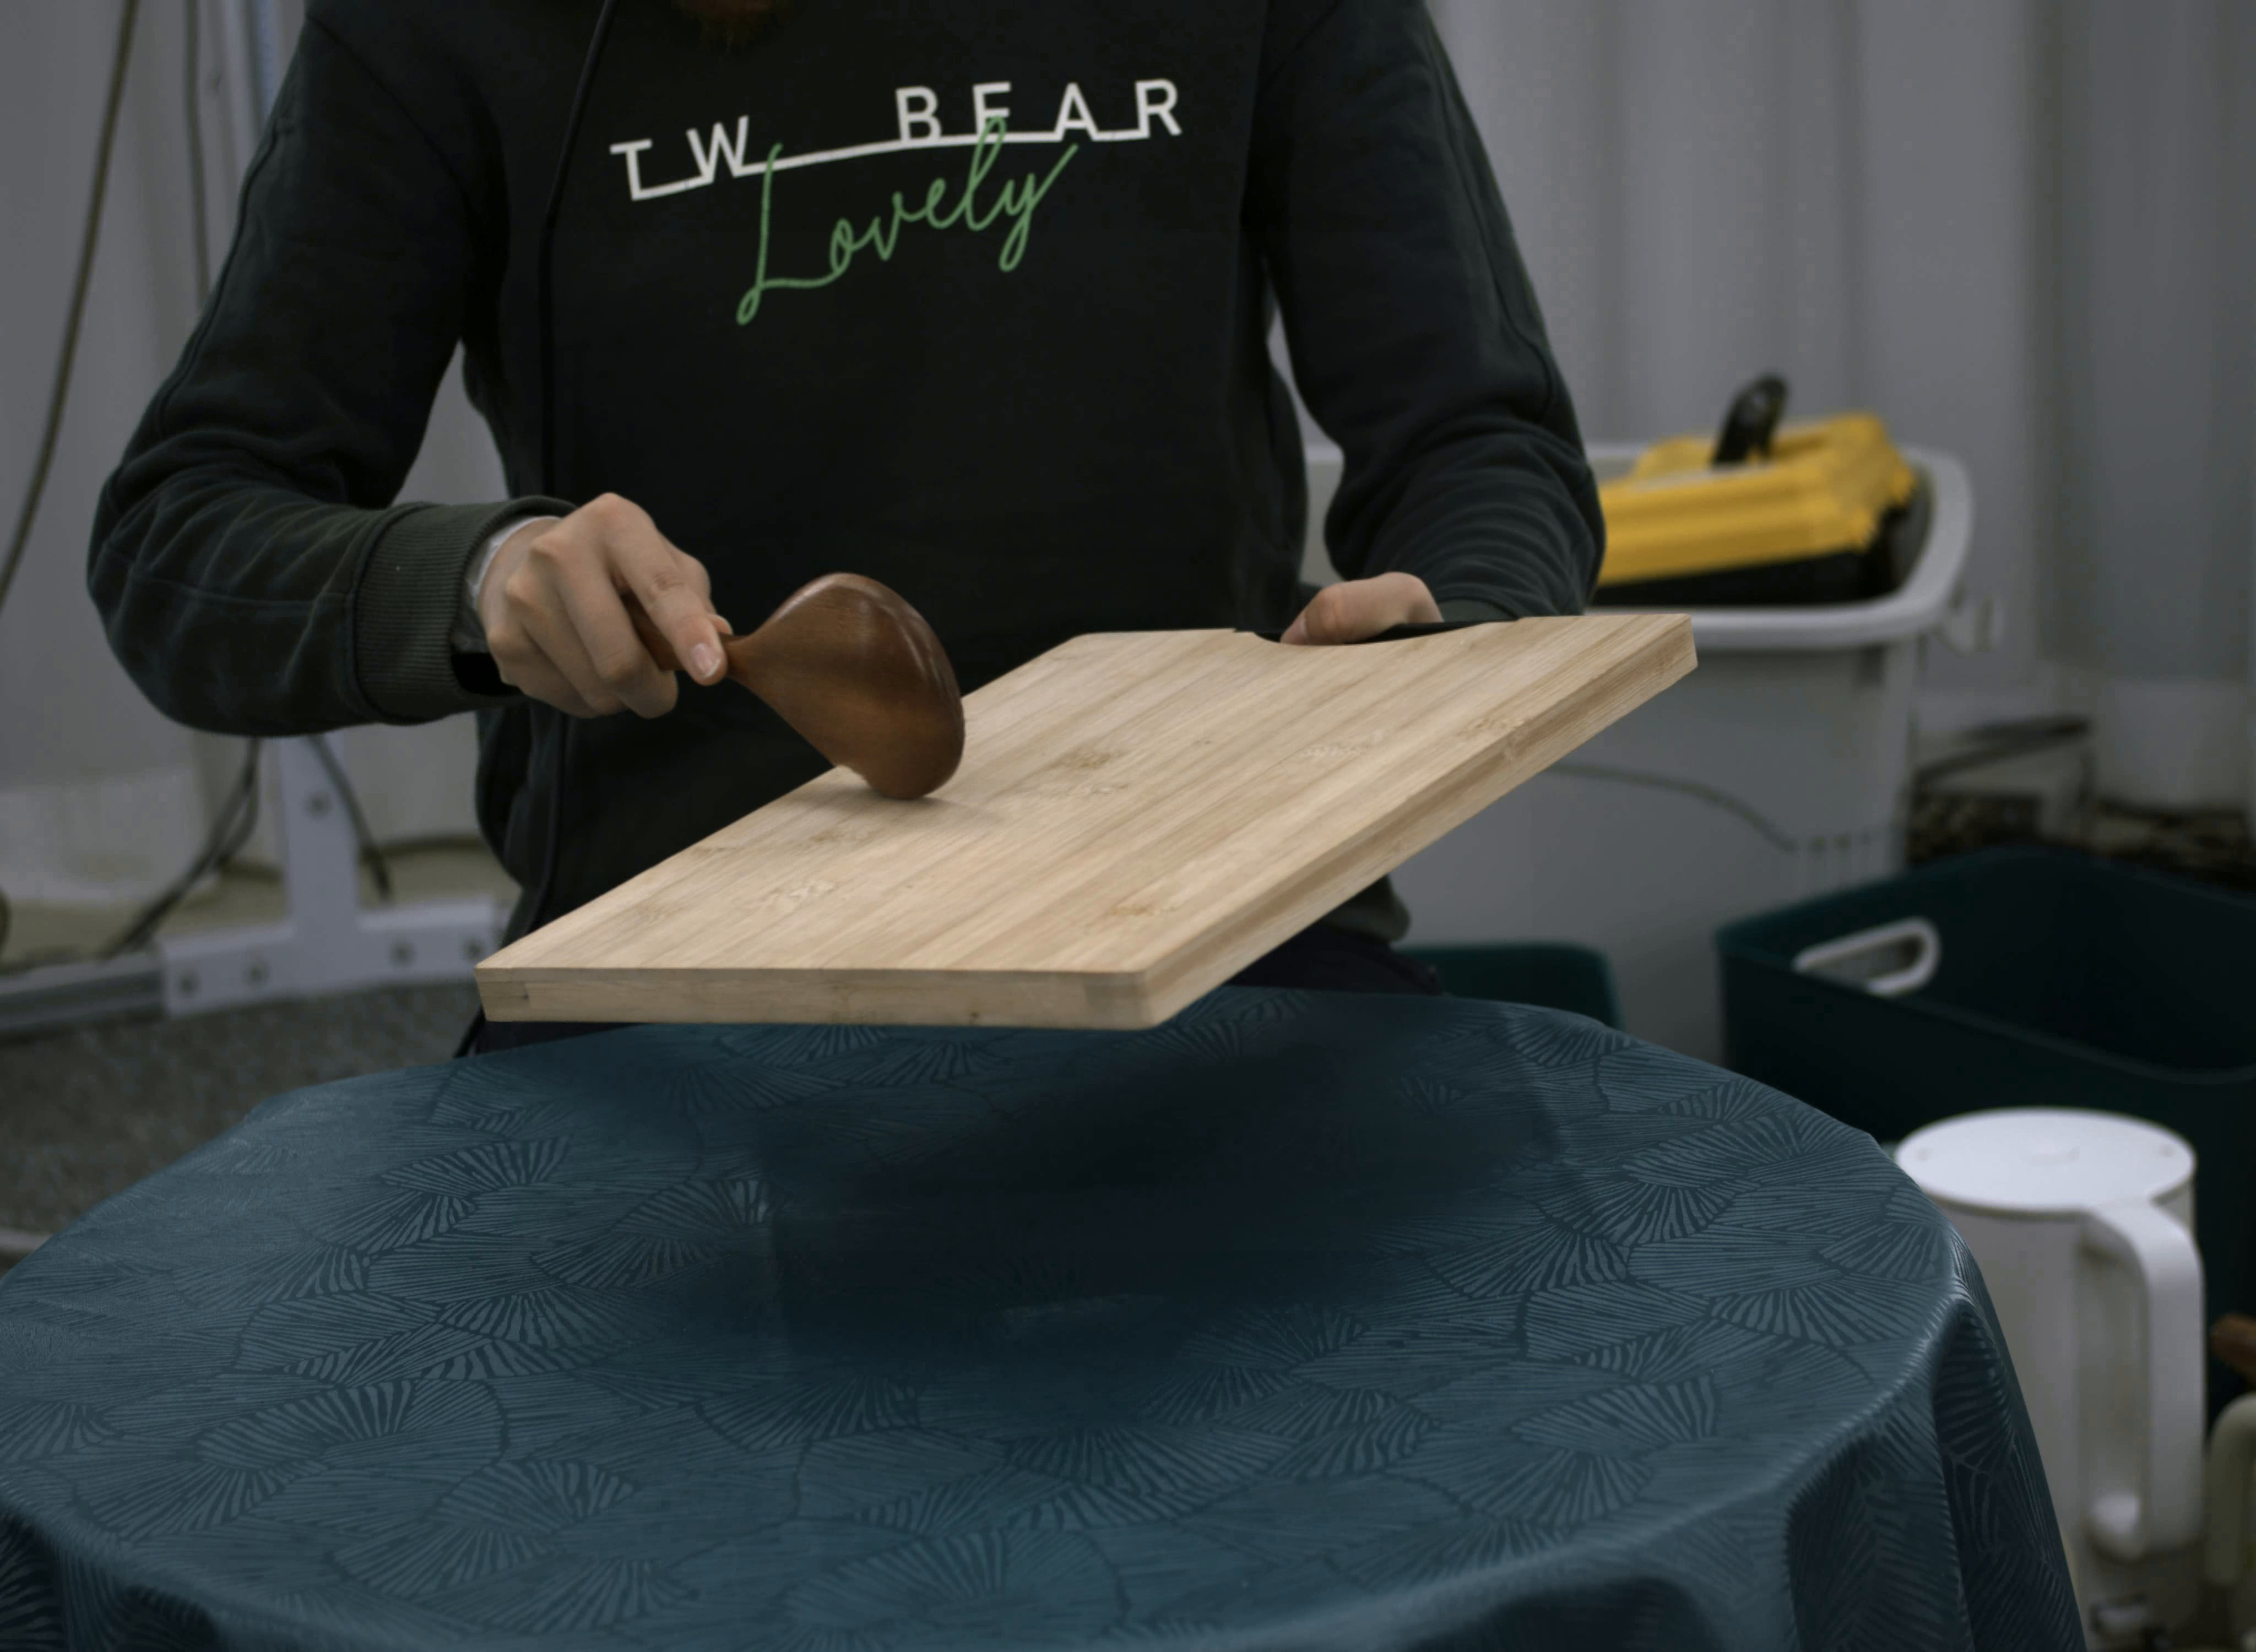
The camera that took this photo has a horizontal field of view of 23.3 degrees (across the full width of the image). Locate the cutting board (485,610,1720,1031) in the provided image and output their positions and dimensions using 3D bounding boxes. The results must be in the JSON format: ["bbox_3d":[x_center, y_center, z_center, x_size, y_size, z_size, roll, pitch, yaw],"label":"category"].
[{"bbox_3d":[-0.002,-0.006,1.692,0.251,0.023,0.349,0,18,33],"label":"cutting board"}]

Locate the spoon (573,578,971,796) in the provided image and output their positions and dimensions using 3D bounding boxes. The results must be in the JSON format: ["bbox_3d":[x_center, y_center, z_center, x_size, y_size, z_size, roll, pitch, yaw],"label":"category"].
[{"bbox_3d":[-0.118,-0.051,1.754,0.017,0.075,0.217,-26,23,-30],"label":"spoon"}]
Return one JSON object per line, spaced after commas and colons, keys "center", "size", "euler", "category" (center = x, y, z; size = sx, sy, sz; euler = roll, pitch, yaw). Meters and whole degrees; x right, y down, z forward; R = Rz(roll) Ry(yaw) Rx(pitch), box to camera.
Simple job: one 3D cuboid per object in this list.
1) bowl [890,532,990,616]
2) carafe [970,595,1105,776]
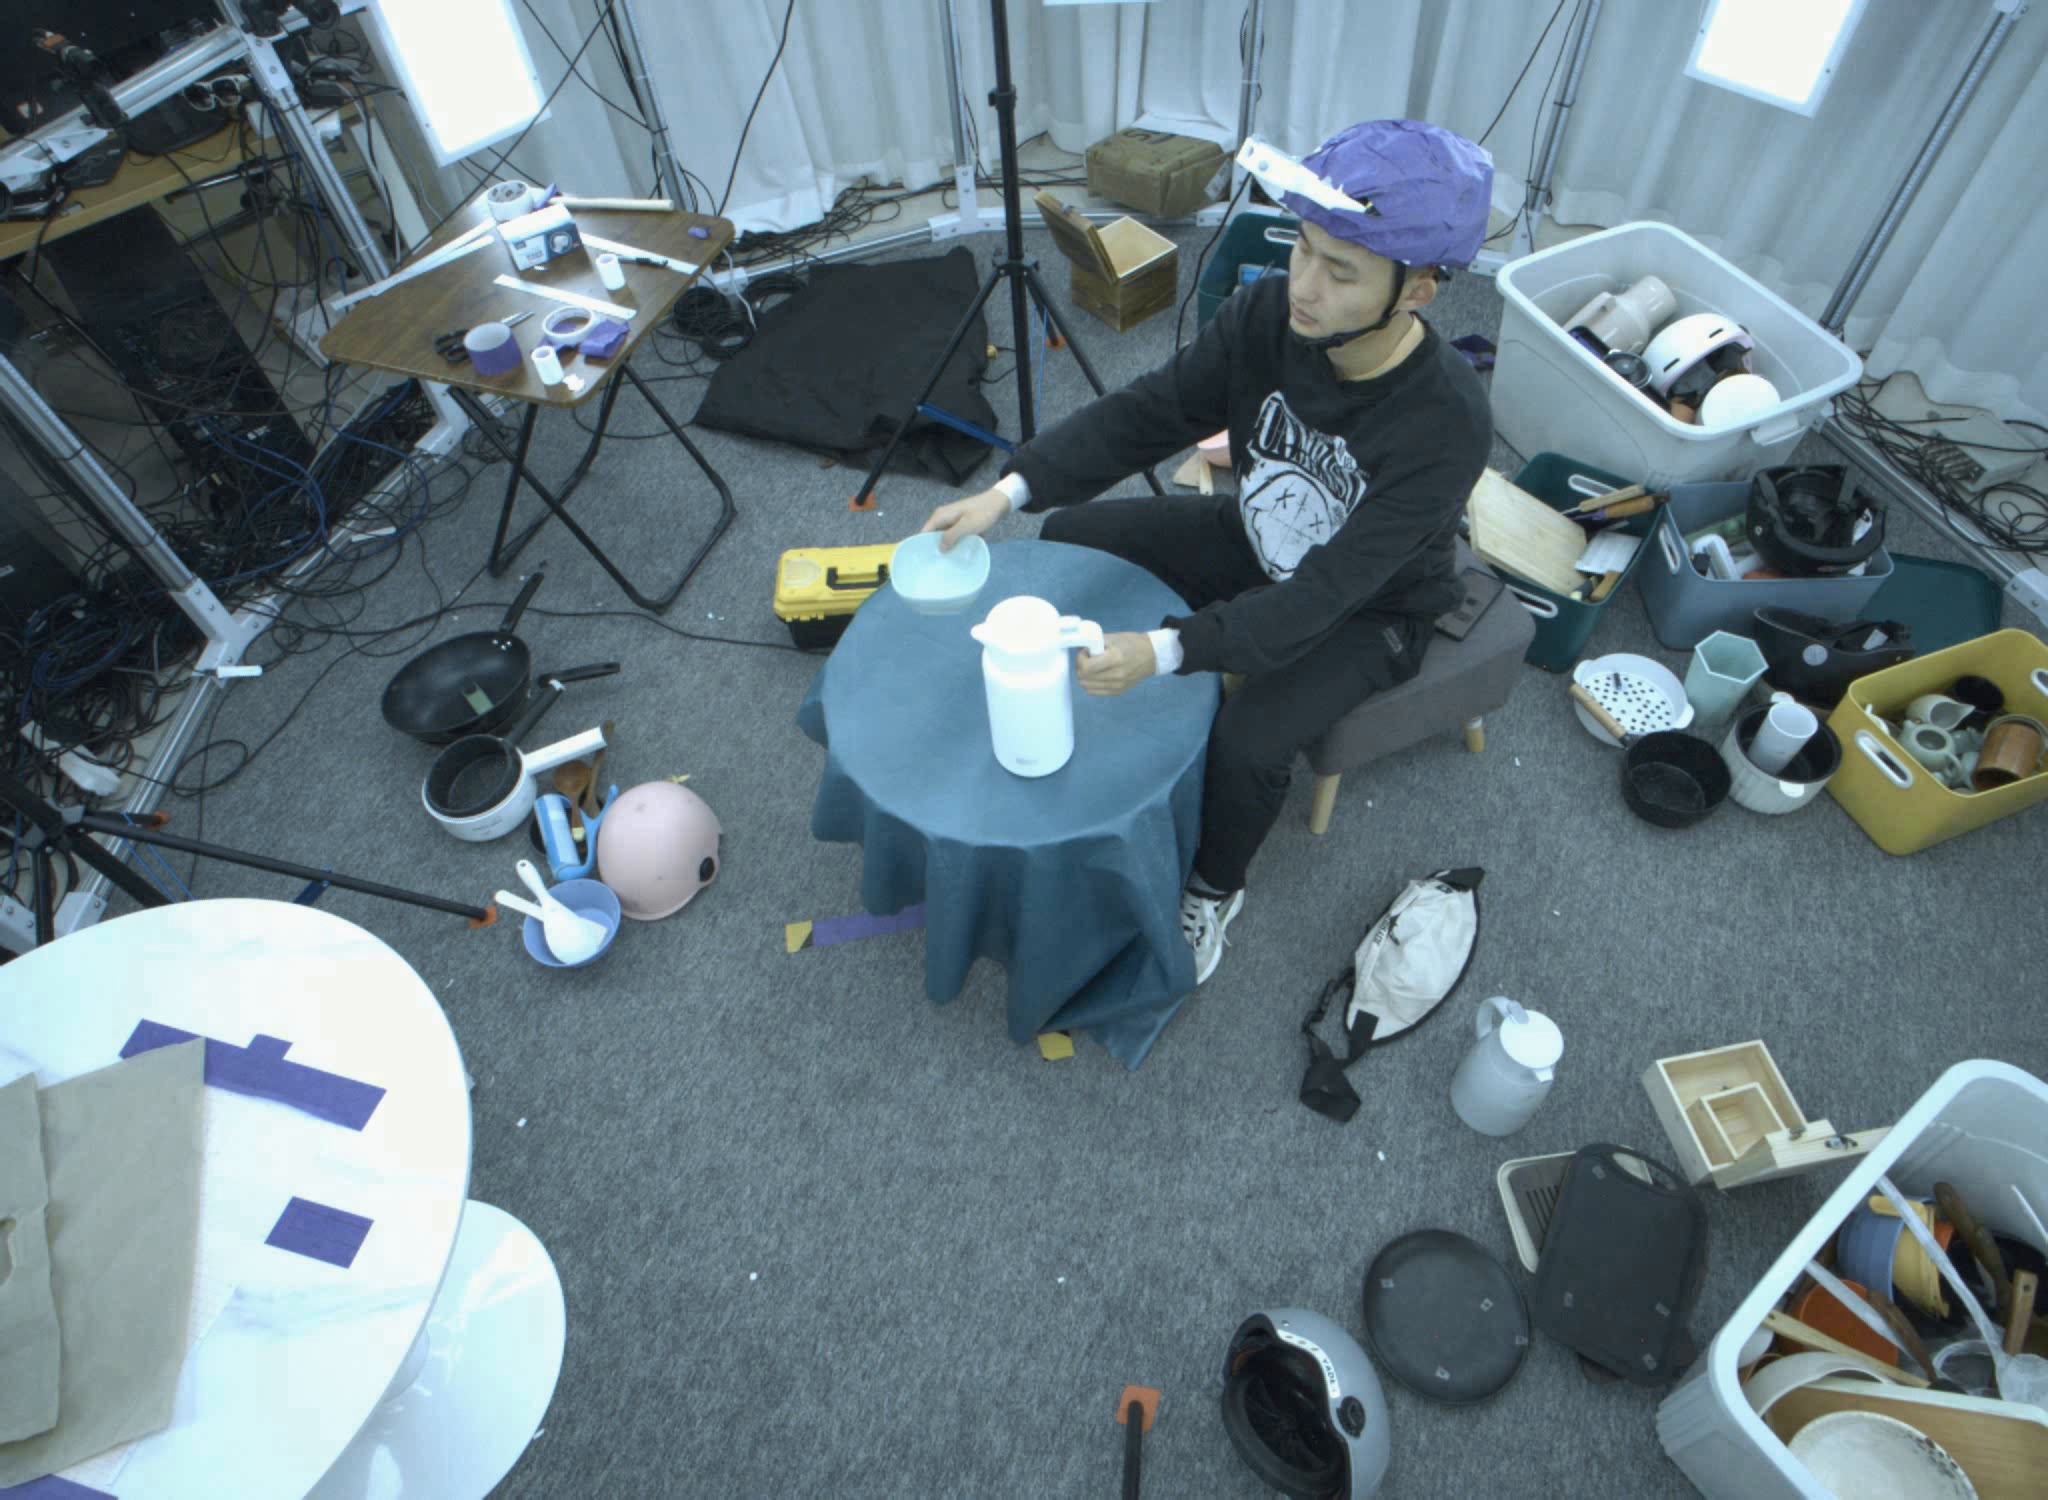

* * * * * * * * *

Using the listing above, gather each line that holds the string "object" and copy it.

## EXERCISE RESULT
Return one JSON object per line, spaced after commas and colons, keys "center", "size", "euler", "category" (center = x, y, z; size = sx, sy, sz; euler = roll, pitch, yaw). Meters and whole degrees; x right, y down, z forward; R = Rz(roll) Ry(yaw) Rx(pitch), box to camera.
Simple job: one 3D cuboid per object in this list.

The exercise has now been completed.